The bad weather had passed, so we moved on from Destin and anchored at the eastern end of Choctawhatchee Bay. The waterway then passes into a narrow cut known as the Grand Canyon, before going into West Bay and Grand Lagoon.
We were approaching Panama City and the area which had suffered the most devastation last October when Hurricane Michael struck. We saw lots of damage to property and vegetation. In West Bay, dredgers were busy clearing the channel.
Ian had identified a suitable anchorage, listed in Skipper Bob’s Cruising Guide, at the far end of East Bay. But he decided we had time to go farther on, so that the next day’s cruise would be shorter. Instead of Skipper Bob’s anchorage, we would stay in a wide, unnamed bay on the southern shore of East Bay, which Skipper Bob had clearly overlooked.
The bay was windy and exposed, but we dropped the anchor anyway. I noticed three little planes with a rather pugnacious appearance pointing straight at us, and a check on the GPS confirmed that we were a few yards outside a high security zone. This was a little unnerving, and a few minutes later, another check on the GPS showed that we were actually drifting.
The anchor had to be pulled up, and we motored a short distance further away from the planes, and dropped the anchor once more. It was gin and tonic time, but we didn’t relax for long. We were drifting again, and Ian didn’t improve matters by knocking his gin over.
I suggested in a firm tone that it might be better to go to the nearest recommended anchorage. 40 minutes later, we found ourselves safely moored in Laird Bayou. A lesson had been learned, and it was that if an anchorage isn’t recommended by Skipper Bob, it ain’t recommended.
But tomorrow’s another day. Some mornings, you wake up early, and it’s just too nice to stay in bed.
It was the promise of a fine day ahead. We left Laird Bayou for Apalachicola, out of East Bay and along another narrow cut, where the hurricane damage was all too apparent, through Lake Wimico and into the Jackson River and the Apalachicola River.
We stayed 3 nights in Apalachicola, the first night in the marina on the riverfront, and the last two on the municipal dock, a few yards away, as the marina had no space. But George, the marina owner, kindly let us use the golf buggy to get to the supermarket to restock our depleted supplies.
Our mooring looked out over the swampy estuary of the Apalachicola River.
Apalachicola had been an important port for exporting cotton from all over the region, before the railways were built and transport by rail became more cost-effective.

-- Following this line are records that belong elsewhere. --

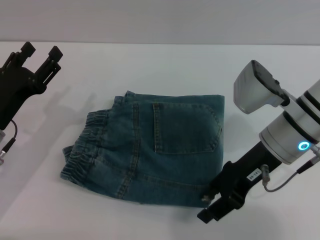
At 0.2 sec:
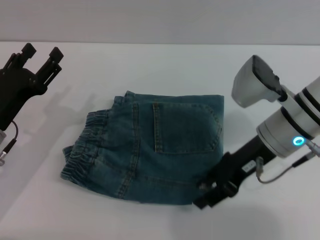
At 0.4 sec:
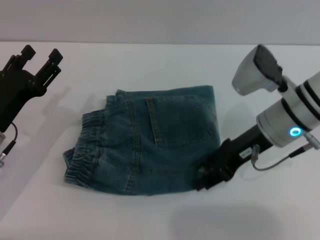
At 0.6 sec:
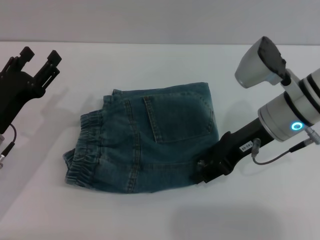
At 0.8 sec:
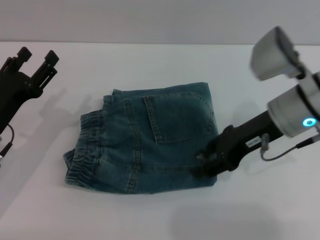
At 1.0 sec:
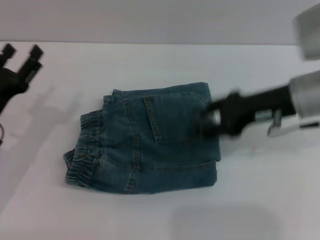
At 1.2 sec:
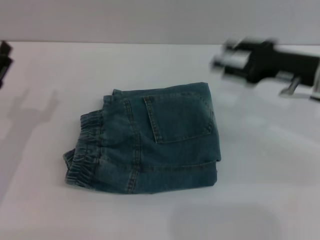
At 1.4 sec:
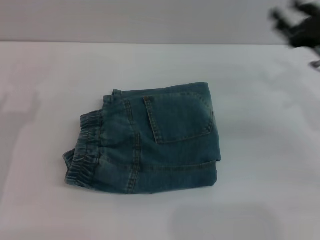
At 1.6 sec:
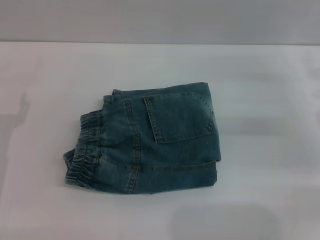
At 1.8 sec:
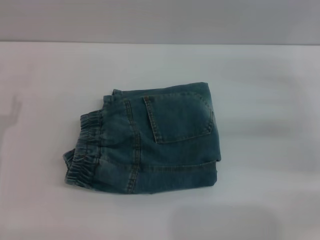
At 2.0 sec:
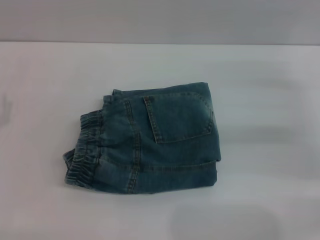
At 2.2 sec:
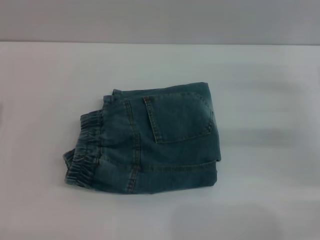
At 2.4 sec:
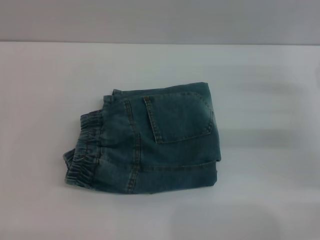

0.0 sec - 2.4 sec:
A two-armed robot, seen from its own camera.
0.0 sec - 1.2 sec: The right gripper heads to the right, covering approximately 10 cm.
1.2 sec - 2.4 sec: The right gripper is displaced to the right and downward by roughly 10 cm.

On Water Street, facing the river, there were once many brick warehouses, of which a few remain, converted into shopping malls and holiday accommodation. There are plenty of commercial fishing boats forming the basis of the local economy. The town has its own brewery, with a bar where everyone seemed to hang out, and several restaurants. We had a good dinner at the Tap Room, also owned by the Brewery. And on the Saturday morning, we walked a mile to the Farmers’ Market and bought some artisan bread and organic produce.
Apalachicola had a taxi company, but it only had one taxi, operated by a husband and wife team. Fortunately, it was available, and able to take us out to St George’s Island, a barrier island reached by two very long bridges and a long causeway. I wanted to go to the beach.

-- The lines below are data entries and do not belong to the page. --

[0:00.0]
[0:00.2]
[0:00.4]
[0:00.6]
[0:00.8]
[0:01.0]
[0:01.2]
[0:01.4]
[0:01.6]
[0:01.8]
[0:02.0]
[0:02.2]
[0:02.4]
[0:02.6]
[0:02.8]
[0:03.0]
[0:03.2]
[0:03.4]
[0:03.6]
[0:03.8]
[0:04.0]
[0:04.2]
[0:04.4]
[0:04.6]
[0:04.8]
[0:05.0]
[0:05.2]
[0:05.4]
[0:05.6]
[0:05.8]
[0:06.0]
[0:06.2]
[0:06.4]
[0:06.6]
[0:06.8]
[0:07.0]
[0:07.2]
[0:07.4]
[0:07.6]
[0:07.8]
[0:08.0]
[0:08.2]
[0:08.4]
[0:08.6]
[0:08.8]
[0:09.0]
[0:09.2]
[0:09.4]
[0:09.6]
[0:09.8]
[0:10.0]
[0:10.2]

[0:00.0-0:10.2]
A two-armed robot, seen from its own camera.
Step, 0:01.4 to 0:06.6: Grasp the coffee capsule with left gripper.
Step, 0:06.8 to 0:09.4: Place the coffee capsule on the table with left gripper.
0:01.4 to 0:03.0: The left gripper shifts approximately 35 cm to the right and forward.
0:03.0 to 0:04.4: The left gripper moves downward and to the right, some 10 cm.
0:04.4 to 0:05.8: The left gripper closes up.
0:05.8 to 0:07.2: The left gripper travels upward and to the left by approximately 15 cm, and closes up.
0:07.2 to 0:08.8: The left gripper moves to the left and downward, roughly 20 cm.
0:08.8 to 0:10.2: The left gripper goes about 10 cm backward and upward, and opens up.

It wasn’t quite the deserted paradise I’d imagined, being fairly heavily developed, but there was plenty of space on the beach for everyone. There was a tiki bar too, so instead of enjoying the unspoilt scenery, we had a beer instead, and a paddle.
We had to sit out a day of bad weather, before leaving for Carrabelle, which was where we would start our crossing of the Gulf of Mexico.
Another super instalment. Isn’t is odd how these chaps only listen to their wives after a bit of a crisis? Sisterly feelings here.